Kaum hatte sie die Wohnungstür hinter sich zugezogen, kam Jesus in den Flur getänzelt, in der Hand einen Zauberhut mit einem weißen Tuch. „Na, Ru? Was darf’s denn heute abend sein?“, fragte er und zog an dem Tuch, als wolle er etwas hervorzaubern. „Lust auf ein leckeres Abendmahl? Oder ist dir mehr nach einer Speisung mit den 4000? Oder sollen wir uns bei einem Pharisäer einladen?“
Die Heilige Geist blickte Jesus gespielt böse an und schleppte sich in die Küche, wo sie sich in einen Stuhl fallen ließ. „Fußwaschung wäre mir jetzt am liebsten“, seufzte sie und sah sich um. „Wo ist denn die Schöpferin?“, fragte sie. – „Überall und nirgends, wie immer, und in Ewigkeit, Amen!“ drehte Jesus mit offenen Armen eine Pirouette und zeigte elegant-schwungvoll in den gesamten Raum.

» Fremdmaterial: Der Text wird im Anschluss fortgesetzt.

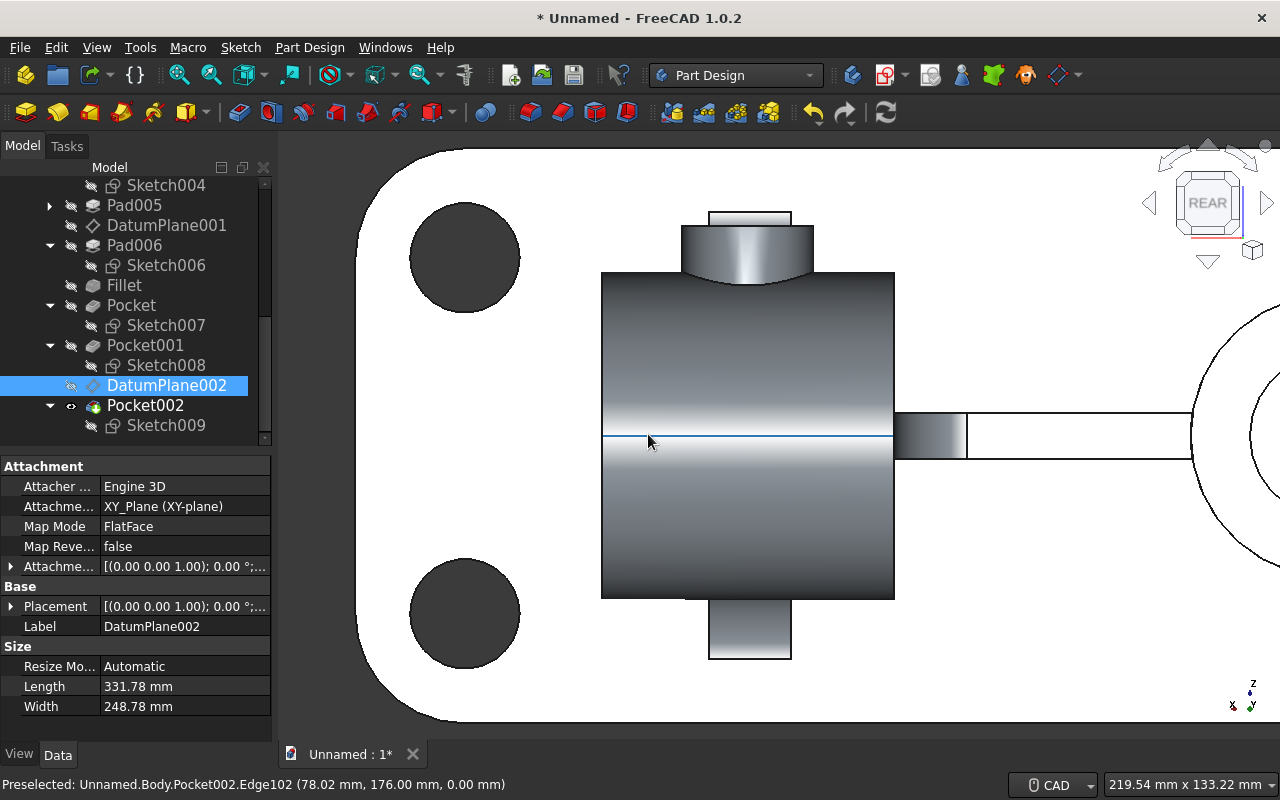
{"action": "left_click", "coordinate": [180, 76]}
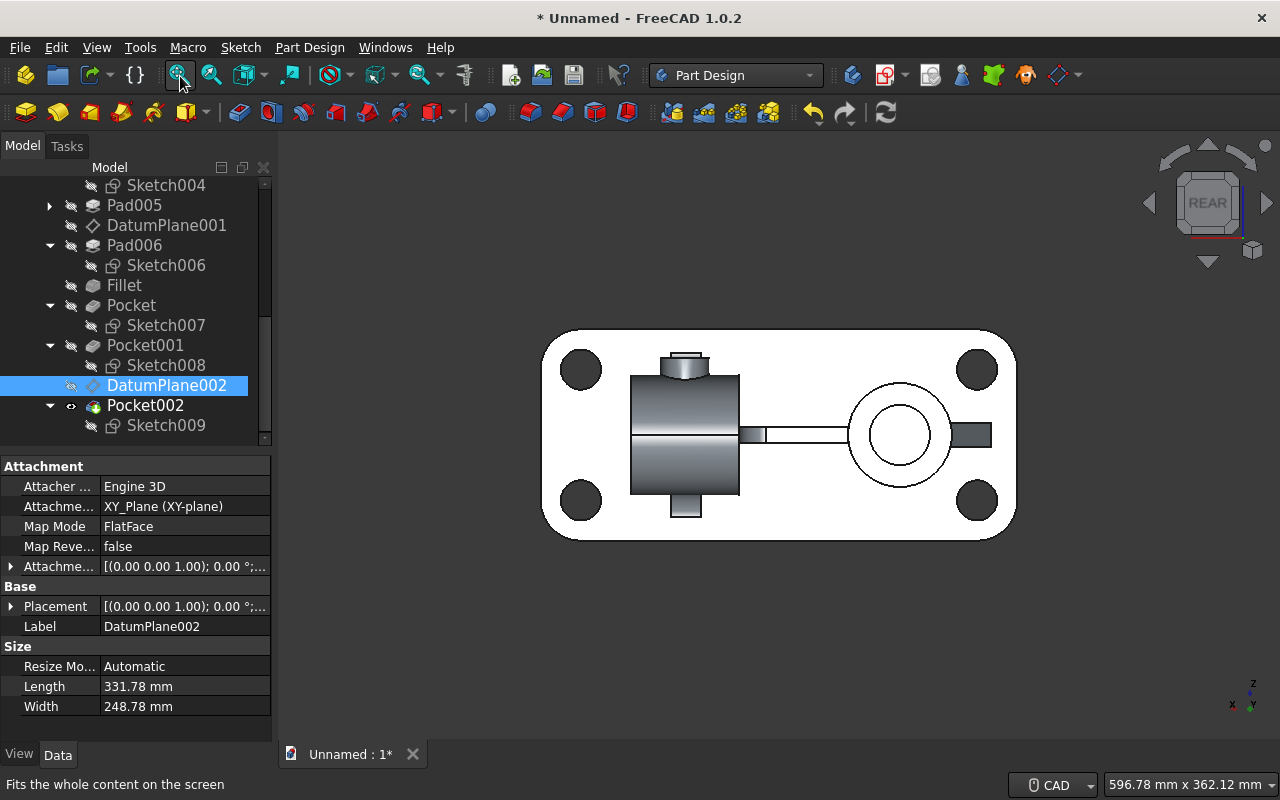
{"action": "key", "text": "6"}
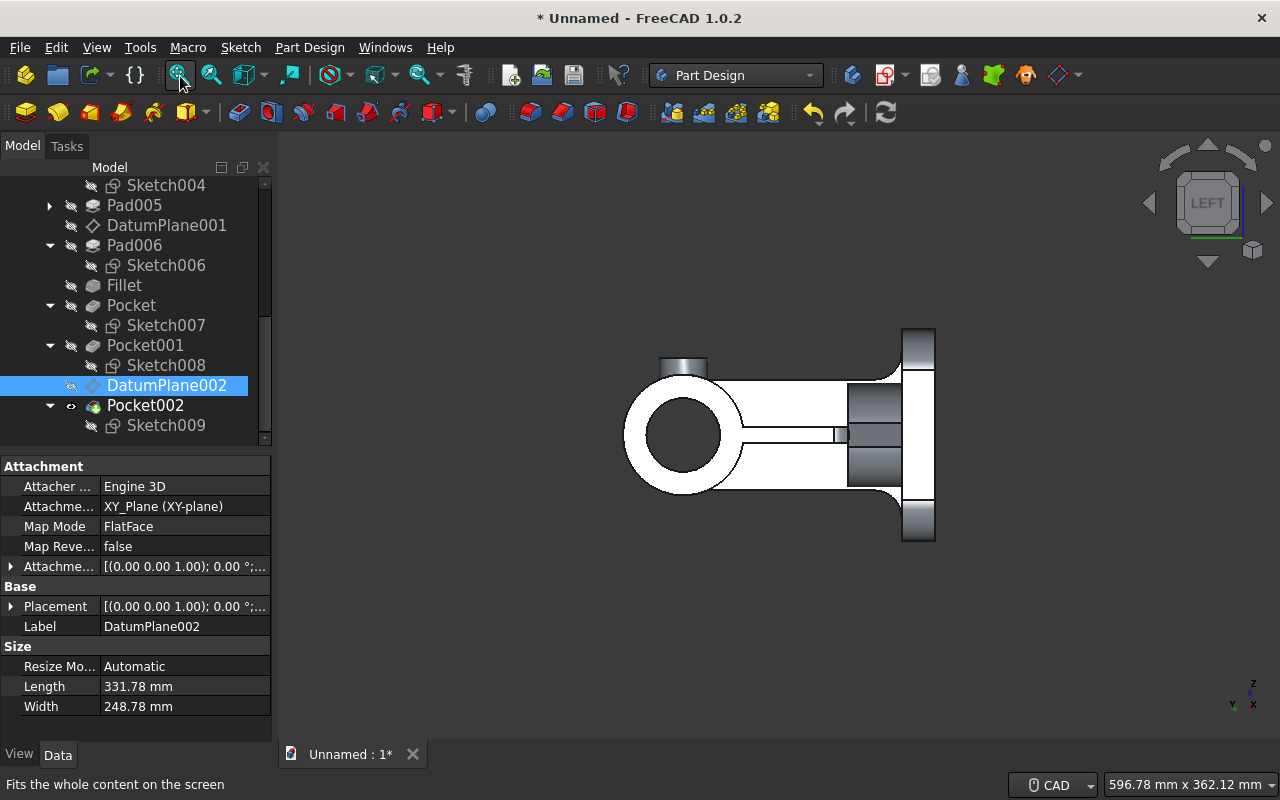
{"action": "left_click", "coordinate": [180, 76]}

„Sag mal, was bist denn denn so unerträglich gut gelaunt?“, wunderte sich die Heilige Geist über Jesus. Jesus blieb auf dem Weg zu den Waschschüsseln abrupt stehen und sah sie mit großen Augen an: „Ja, weißt du es noch gar nicht?“ Er bog sein Kreuz durch und streckte sich, als wolle er sich wichtig machen. „Sie haben jetzt angefangen, über mich zu schreiben. Evangelien. Mindestens eine Hand voll. Mal sehen, welche am Ende übrig bleiben werden!“
„Schön, dass dich das freut – woanders sorgt es gerade für Empörung und Zwietracht“, entgegnete die Heilige Geist. „Du ahnst ja gar nicht, was da los ist. Gestern rief mich die Bibelausschussvorsitzende an. Sie flehte mich an, für Kraft und Liebe und Beständigkeit zu sorgen. Wegen deiner Evangelien geht es gerade drunter und drüber!“
„Wo ist denn das Problem?“, wunderte sich Jesus und kniete sich vor die Füße seiner Stellvertreterin. „Ist doch toll, dass sie über mich schreiben. Sie halten meine Worte und Taten fest für die Nachwelt, also werden es Worte des Trostes und der Versöhnung und des Friedens sein – das nimmt doch auch dir Arbeit ab, Ru!“
„Im Moment macht es mir eher Arbeit!“, widersprach die Heilige Geist. „Das Problem der Bibelausschussvorsitzenden ist: Zwei von den Evangelien haben wohl dasselbe Gleichnis aufgeschrieben, aber mit ein paar Unterschieden. Jetzt redet Matthäus nicht mehr mit Lukas, und Lukas sagt, mit einem wie Matthäus könne er unmöglich in einer Gemeinde sein!“
„Wieso das denn?“, wunderte sich Jesus. „Um welches Gleichnis geht es denn?“
„Um das Gleichnis vom großen Fest.“, berichtete die Heilige Geist. „Die Fassung von Matthäus endet damit, dass einer der Gäste wieder rausgeworfen wird, weil er keine feierliche Hochzeitskleidung trägt. Lukas findet das unmöglich. Er sagt, du hättest nie Wert auf Kleidung gelegt und dass gerade die Armen und Ausgestoßenen das falsch verstehen könnten. Es würde so klingen, als müssten sie doch wieder irgendwelche Voraussetzungen erfüllen, um eine Berechtigung für das Fest zu haben.“
„Wissen sie denn, dass der Gastgeber das Kleid zur Verfügung stellt?“, erkundigte sich Jesus.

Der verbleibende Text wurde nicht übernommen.